# Tube Socks



## tenaj (Feb 22, 2011)

Has anyone made tube socks?

I have two patterns one using 3 double pointed needles and one using 4 double pointed needles.

I wanted to know if it pays to made a pair.


----------



## Lynda M Otvos (Aug 30, 2012)

I am curious too. i want to crochet sox with Koigu cuz I cannot knit well enough and I am wondering if it is worth it ?~!

Eagerly watching this thread....


----------



## BethChaya (May 6, 2011)

Why not? I would like to make some tube socks!


----------



## katag1 (Nov 9, 2012)

I don't know if you would call it a tube sock but I have knitted heeless socks with 2 straight needles. They were easy and went rather quick. Got the pattern from "freevintageknitting.com"


----------



## psvg007 (Sep 20, 2012)

Have been knitting tube socks for a few years now. We knit them for the homeless and the socks are given out at Christmas time at various shelters around the city (Montreal)Tube socks are really easy to make. Cast on 48 sts, k2, p2 in the round for a few inches for the cuff and then you can k3,p1 for the rest of the sock until the tube measures about 16 to 18 inches. To shape the end, seperate the 48 sts onto 4 kneedles (12 sts per needle) and k2tog at the beginning of each needle(round one) Round 2 is knitted without any decrease. Derease on rd.3 and again on rd.5 and on rnd. 7. Then decrease on every round until there are 2 sts on every needle. Cut wool and draw it through the 8 remaining sts. The toe end is perfectly round and fits any foot very well.We use mostly Red Heart Super Saver. If you want to make socks for children cast on 36 sts


----------



## glnwhi (Jan 19, 2011)

what is needle size please


----------



## jgarrett28 (May 6, 2012)

I make tube socks all the time my husband is a diabetic and had half his foot amputated and it is hard to find tube socks so I knit them I got my pattern on Ravelry.com.


----------



## MaryCarter (Oct 17, 2011)

glnwhi said:


> what is needle size please


If you don't get an answer, but I am sure you will, just look on the roll of paper which comes wrapped around the skein or ball of Super Saver it will tell you which size needles go with that particular yarn.


----------



## psvg007 (Sep 20, 2012)

Oups. Sorry about that. I use 4mm 0r 4.5mm


----------



## ssusan (May 3, 2012)

I love making them. They go rather fast. I am learing now how to do socks with a heel, but it is a slow process.


----------



## kaixixang (Jul 16, 2012)

ssusan said:


> I love making them. They go rather fast. I am learing now how to do socks with a heel, but it is a slow process.
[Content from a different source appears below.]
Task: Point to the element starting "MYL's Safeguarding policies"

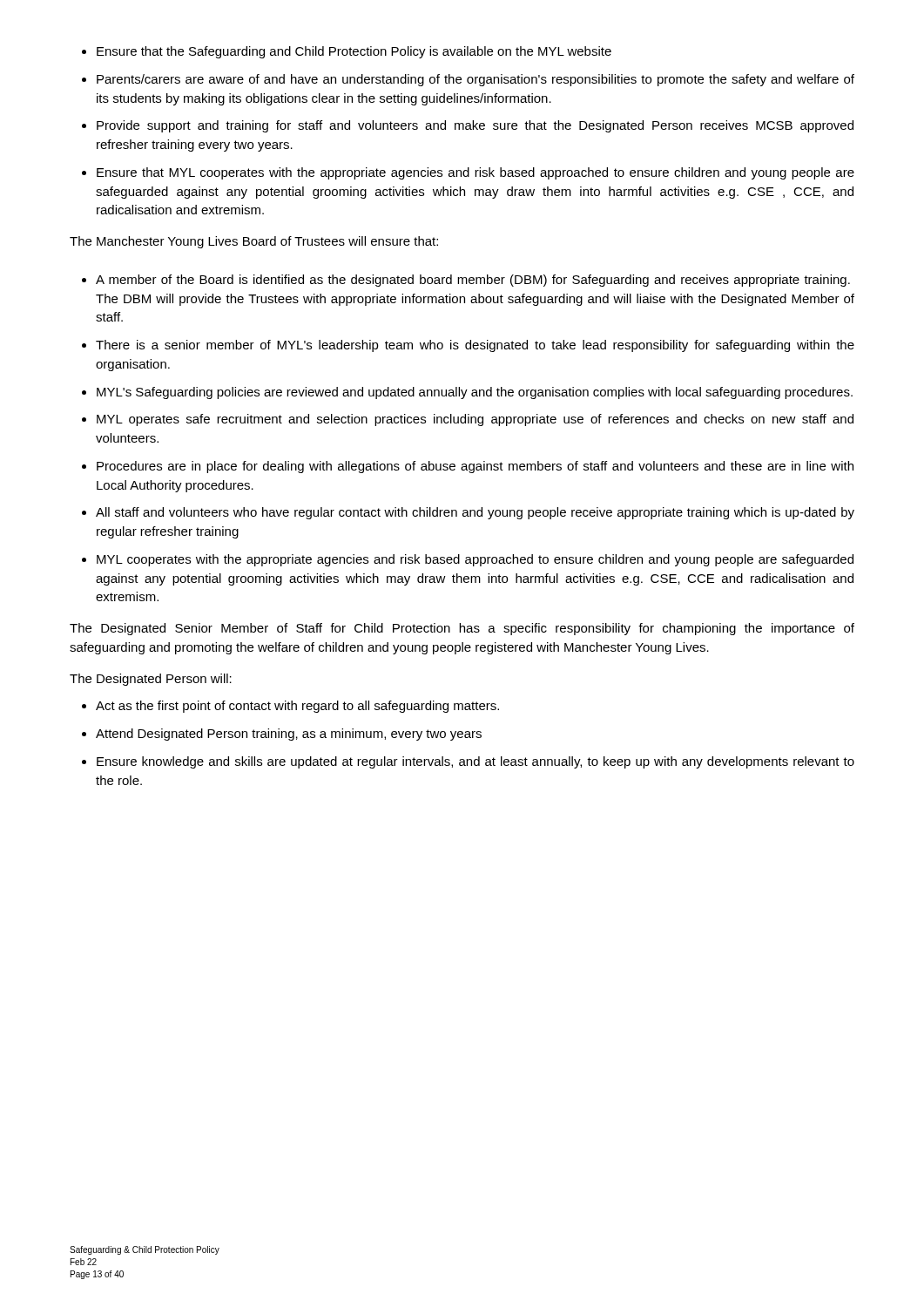Action: 475,392
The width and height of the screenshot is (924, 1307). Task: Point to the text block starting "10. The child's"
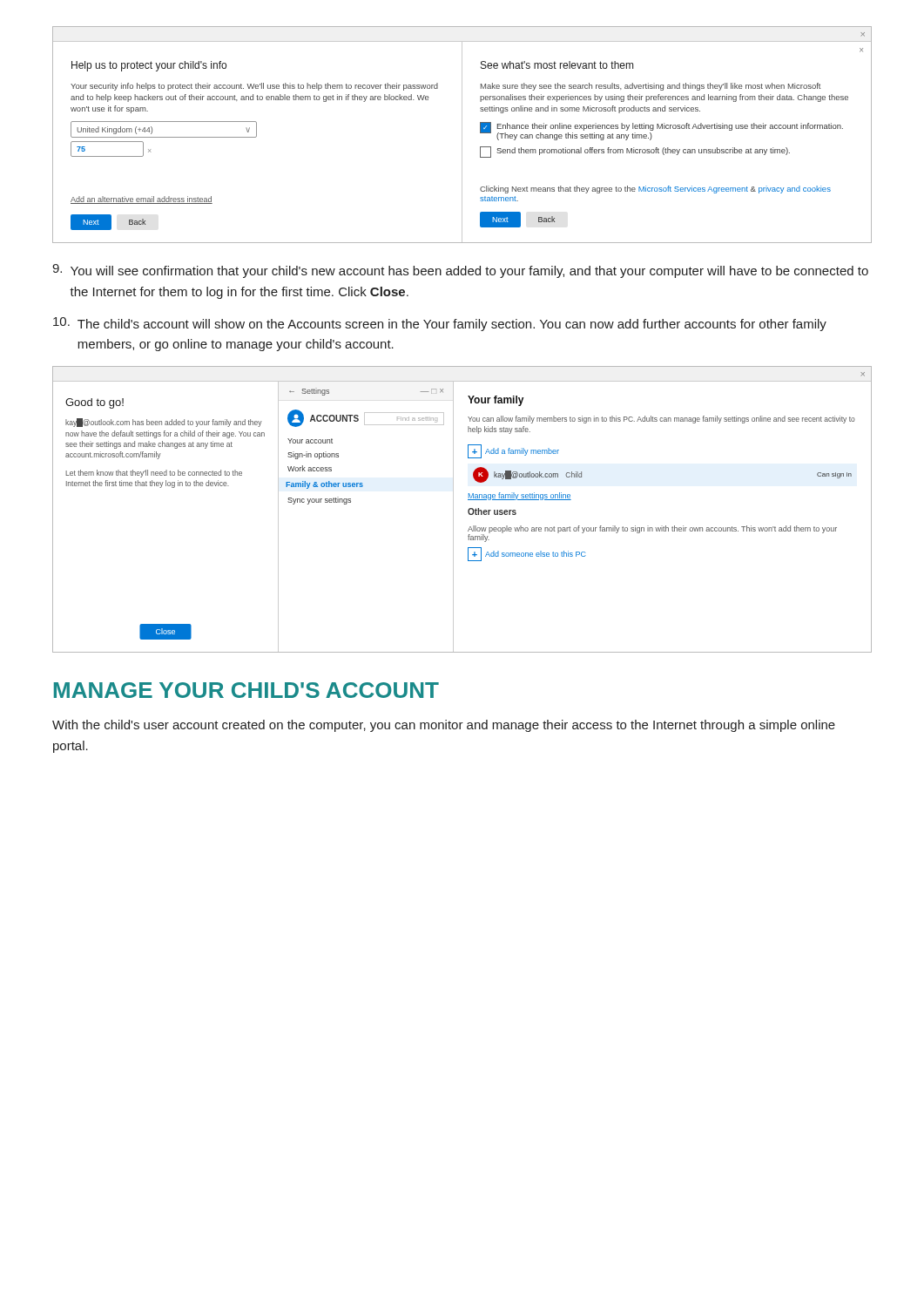point(462,334)

Once you've mastered the first sock with a certain pattern for main body, heel, foot, and toe...the identical sock will go MUCH quicker. I recommend either 2 sets of DPN...so you can do cuff, set down first sock, cuff of second sock, start on ankle section of seconds sock, put second sock down...you get the idea.

This will require two balls of the same dye lot, brand yarn of whatever weight chosen...unless you start at both ends of a 800+ yard worsted...time yourself. I prefer a SET of circulars...but only have 4 (2.75mm) circulars...only 4 that I've matched. 

So either two SETs of circulars or 8-10 DPN (1/2 each of the total DPN per sock).


----------



## christine 47 (Oct 7, 2011)

I am making some at the moment for my 10 month old grandaughter. I have made her leg warmers but as she isn't wearing shoes I decided to combine a leg warmer pattern (2 needles) with a pair of tube socks. These socks can be made on 2 or 4 needles. I have only made 1 so far, but I am going to make the other leg warmer and then when I have tried it on her I will add the foot. Looks like a long sock with no heel. I also have a pattern for a pair with a heel in but have not made socks before so I need to do these when I can concentrate more, after Christmas. 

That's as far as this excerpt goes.